_TASK_. Where the word "camera" appears in a line below, copy the whole line.

_INPUT_.
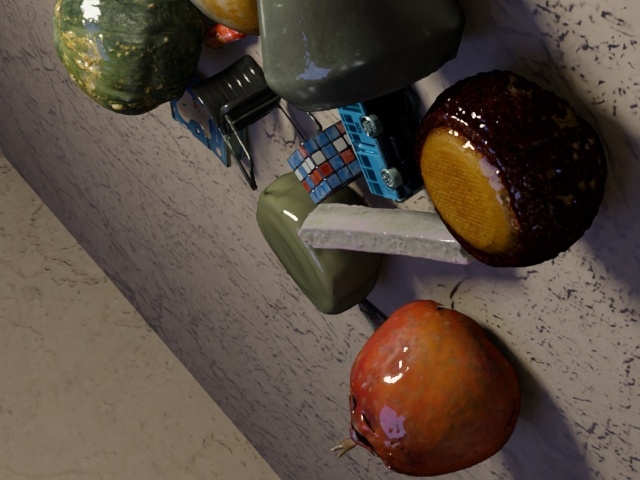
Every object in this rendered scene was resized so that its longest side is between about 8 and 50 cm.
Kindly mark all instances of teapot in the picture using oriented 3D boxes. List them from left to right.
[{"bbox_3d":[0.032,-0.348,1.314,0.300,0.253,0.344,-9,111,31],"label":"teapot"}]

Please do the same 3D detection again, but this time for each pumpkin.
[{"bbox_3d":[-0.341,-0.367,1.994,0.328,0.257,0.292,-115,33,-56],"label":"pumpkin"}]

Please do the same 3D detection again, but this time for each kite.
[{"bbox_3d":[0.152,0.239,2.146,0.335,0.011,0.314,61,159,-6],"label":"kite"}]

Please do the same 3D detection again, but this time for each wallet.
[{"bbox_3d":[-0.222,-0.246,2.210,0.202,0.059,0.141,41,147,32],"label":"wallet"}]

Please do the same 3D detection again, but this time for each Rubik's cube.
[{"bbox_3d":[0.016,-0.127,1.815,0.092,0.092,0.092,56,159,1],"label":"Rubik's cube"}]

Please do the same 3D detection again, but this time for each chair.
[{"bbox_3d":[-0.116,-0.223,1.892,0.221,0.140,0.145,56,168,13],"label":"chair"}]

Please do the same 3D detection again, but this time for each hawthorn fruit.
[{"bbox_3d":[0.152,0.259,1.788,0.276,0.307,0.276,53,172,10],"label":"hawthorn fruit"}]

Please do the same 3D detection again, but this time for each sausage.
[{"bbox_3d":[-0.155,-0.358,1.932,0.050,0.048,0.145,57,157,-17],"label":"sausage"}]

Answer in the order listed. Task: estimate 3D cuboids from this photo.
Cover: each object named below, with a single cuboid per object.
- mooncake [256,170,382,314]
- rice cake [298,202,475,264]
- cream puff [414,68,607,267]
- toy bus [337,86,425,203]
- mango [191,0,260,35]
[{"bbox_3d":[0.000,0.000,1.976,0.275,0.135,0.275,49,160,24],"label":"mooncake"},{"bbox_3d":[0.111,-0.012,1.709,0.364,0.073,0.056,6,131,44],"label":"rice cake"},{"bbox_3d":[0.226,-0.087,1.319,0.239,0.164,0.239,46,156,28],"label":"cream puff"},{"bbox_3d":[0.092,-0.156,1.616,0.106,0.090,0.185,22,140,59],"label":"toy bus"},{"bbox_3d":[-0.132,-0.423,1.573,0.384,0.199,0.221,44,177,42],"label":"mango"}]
==
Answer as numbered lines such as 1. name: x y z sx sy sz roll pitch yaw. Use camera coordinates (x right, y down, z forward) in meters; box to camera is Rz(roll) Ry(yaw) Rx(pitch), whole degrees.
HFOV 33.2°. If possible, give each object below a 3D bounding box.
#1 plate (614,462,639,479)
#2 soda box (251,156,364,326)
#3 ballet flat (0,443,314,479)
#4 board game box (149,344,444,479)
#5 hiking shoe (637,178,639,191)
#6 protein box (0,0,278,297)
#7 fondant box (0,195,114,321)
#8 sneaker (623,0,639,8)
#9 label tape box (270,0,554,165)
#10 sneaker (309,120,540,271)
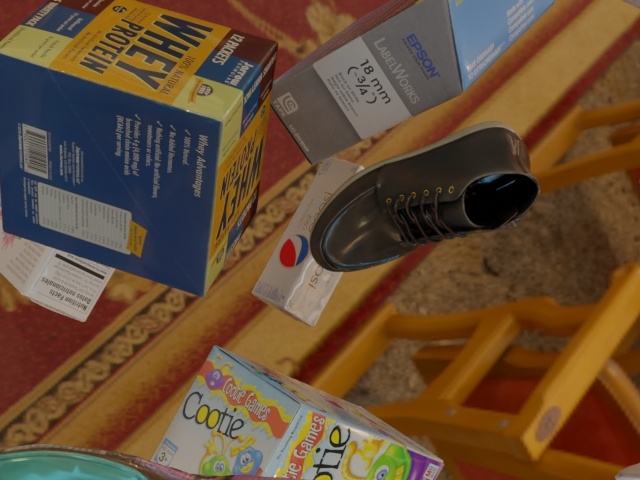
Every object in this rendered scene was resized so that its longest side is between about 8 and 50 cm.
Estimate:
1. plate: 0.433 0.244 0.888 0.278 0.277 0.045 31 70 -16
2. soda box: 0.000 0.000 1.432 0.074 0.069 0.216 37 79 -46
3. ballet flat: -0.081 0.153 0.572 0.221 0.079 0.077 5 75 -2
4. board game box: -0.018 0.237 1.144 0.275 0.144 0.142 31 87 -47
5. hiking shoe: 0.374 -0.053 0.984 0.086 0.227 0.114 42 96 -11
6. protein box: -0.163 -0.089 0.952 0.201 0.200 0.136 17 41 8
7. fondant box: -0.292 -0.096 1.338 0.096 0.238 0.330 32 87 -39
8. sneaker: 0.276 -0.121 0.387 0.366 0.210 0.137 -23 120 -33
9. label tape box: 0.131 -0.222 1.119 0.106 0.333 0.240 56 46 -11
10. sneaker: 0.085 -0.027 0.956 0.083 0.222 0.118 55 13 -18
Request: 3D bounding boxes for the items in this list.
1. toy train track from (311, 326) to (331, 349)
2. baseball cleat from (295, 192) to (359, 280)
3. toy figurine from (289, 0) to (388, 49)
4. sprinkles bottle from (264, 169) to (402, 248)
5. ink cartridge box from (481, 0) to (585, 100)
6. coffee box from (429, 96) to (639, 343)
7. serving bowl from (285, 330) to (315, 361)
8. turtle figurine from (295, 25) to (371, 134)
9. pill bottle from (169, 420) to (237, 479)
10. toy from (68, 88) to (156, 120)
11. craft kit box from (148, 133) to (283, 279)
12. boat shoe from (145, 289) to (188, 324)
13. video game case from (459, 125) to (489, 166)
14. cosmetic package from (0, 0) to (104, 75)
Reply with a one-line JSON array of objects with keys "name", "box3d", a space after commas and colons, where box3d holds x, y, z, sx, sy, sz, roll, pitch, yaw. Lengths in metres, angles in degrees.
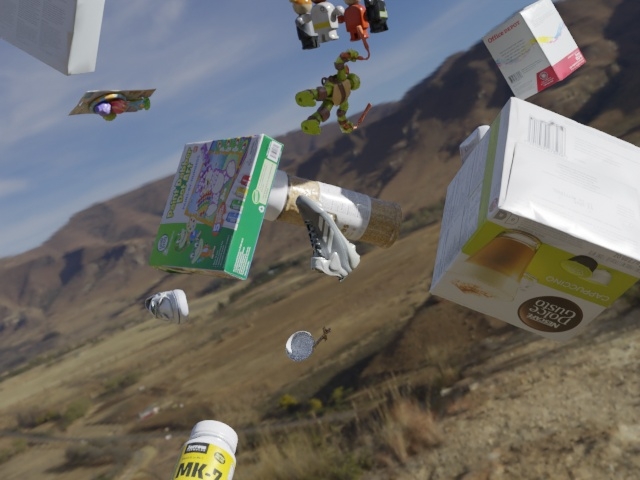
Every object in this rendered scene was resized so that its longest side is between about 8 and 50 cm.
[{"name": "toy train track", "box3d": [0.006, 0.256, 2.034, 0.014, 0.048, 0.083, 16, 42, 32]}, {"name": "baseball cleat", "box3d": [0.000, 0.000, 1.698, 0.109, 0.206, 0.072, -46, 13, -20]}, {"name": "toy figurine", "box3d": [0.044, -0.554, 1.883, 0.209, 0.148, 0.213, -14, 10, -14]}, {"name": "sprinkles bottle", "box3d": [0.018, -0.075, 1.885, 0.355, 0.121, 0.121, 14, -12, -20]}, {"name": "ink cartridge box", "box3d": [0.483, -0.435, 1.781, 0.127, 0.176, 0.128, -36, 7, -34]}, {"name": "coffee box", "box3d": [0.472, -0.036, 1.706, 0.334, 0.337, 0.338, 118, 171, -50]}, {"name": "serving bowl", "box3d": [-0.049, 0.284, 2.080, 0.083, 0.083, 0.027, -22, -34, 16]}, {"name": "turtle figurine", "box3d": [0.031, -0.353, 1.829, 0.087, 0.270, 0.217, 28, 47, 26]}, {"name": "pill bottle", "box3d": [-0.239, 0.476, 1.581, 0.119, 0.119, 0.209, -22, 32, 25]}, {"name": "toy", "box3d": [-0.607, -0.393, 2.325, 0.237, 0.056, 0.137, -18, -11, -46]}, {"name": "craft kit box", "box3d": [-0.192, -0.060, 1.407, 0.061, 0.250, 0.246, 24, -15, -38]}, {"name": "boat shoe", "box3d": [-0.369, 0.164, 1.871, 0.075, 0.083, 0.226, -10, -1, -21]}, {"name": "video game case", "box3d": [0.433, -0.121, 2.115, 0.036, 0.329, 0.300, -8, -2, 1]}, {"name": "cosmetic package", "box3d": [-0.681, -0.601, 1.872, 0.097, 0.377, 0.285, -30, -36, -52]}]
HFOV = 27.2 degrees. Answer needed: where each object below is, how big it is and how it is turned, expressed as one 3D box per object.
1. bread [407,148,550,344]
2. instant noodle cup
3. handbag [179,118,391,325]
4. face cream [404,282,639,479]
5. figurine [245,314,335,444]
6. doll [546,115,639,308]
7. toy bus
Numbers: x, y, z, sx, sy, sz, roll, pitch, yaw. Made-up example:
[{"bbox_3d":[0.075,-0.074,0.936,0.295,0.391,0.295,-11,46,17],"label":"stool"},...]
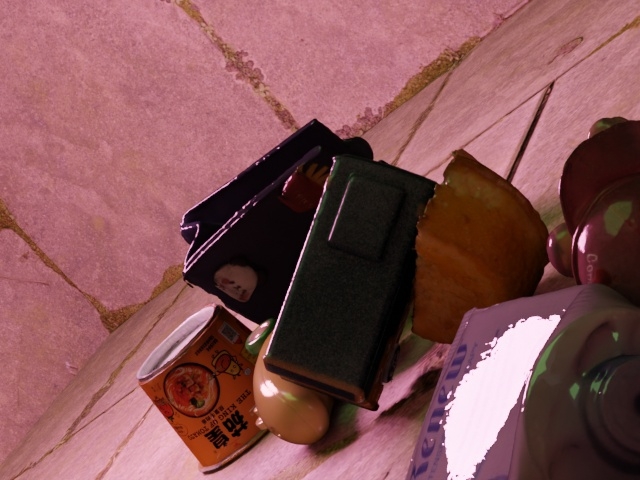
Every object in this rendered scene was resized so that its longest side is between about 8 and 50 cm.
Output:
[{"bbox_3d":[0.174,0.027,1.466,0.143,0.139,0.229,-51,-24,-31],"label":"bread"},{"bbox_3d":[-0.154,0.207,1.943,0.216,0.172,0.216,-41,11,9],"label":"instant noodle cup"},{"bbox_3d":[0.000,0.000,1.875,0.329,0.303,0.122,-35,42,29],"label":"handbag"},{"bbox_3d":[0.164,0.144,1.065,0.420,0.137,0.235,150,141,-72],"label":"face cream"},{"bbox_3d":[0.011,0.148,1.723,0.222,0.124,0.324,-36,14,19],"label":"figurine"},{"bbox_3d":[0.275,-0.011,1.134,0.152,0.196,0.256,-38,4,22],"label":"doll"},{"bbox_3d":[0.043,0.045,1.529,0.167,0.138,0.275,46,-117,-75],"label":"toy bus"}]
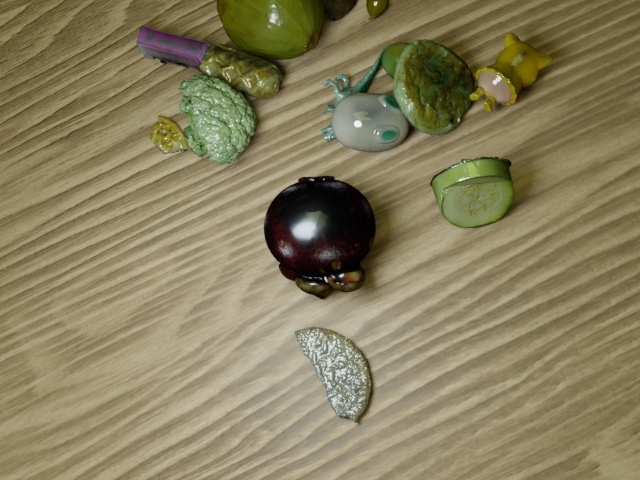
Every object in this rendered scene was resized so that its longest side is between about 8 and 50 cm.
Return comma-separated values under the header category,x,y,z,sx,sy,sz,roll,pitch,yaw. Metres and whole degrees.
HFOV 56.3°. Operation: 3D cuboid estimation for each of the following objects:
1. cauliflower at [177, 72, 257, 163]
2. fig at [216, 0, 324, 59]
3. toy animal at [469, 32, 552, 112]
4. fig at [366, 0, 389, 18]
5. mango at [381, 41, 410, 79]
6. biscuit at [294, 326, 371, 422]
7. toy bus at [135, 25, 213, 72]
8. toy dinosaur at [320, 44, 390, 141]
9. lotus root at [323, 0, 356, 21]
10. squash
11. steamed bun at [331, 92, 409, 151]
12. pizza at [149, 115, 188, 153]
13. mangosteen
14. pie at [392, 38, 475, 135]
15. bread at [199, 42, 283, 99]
--
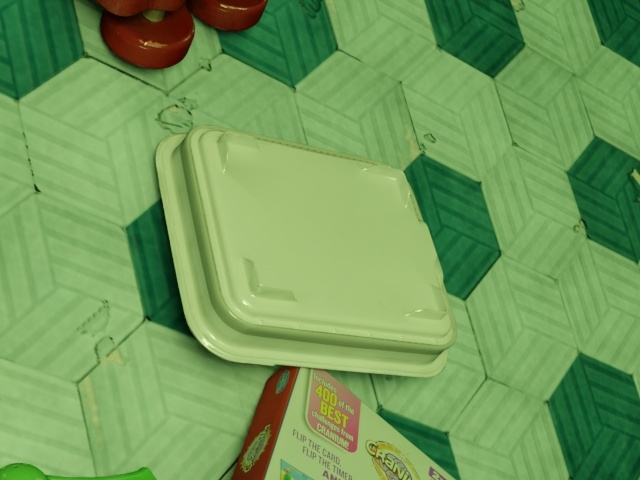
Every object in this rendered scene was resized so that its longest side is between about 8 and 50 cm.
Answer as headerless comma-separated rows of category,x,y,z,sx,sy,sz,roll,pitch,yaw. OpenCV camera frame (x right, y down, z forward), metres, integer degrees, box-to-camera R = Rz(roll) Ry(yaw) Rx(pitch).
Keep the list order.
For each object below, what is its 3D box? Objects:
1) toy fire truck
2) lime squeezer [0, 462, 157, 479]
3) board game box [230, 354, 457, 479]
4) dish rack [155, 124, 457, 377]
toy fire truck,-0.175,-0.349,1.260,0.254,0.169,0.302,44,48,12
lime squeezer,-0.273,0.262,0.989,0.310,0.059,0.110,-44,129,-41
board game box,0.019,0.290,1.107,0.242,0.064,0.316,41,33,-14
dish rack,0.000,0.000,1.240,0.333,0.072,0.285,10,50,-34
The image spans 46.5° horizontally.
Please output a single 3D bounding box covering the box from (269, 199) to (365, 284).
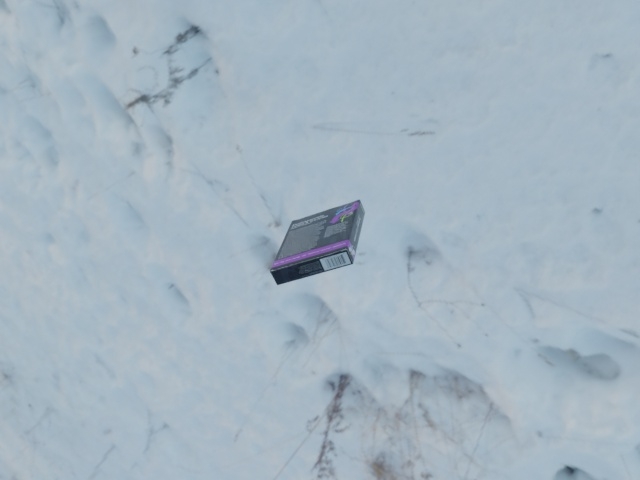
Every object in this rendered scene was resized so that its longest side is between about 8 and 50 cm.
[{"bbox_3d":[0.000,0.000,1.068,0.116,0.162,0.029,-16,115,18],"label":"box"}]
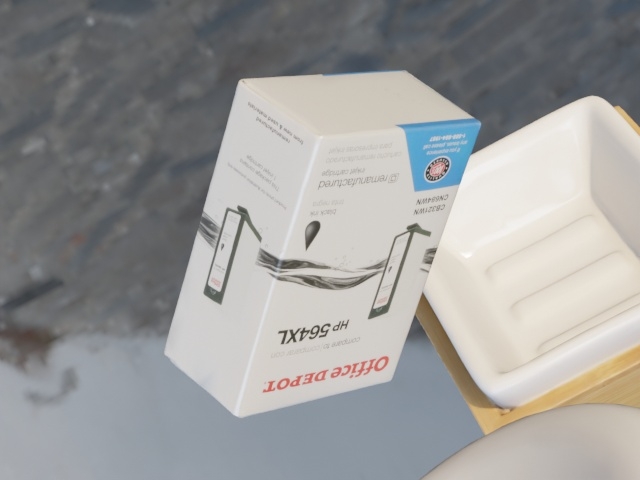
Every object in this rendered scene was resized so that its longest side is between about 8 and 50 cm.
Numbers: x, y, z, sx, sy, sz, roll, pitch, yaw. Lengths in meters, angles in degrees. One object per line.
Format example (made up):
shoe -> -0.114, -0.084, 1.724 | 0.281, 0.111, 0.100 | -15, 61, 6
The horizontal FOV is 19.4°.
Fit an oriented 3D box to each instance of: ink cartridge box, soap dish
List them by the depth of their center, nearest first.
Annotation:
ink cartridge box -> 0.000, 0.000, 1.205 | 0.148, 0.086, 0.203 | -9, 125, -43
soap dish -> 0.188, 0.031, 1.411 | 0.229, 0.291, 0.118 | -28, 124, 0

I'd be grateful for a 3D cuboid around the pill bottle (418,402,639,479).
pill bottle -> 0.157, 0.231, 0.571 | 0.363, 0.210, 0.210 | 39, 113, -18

_ANSWER SECTION_.
Answer as numbered lines such as 1. name: x y z sx sy sz roll pitch yaw. Use camera coordinates (x right, y down, z forward) in meters; box to camera is Rz(roll) Ry(yaw) Rx(pitch), whole degrees.
Answer as headerless comma-separated rows of category,x,y,z,sx,sy,sz,roll,pitch,yaw. OpenCV camera frame (x right, y down, z forward), metres, integer degrees, box-to-camera R = Rz(roll) Ry(yaw) Rx(pitch).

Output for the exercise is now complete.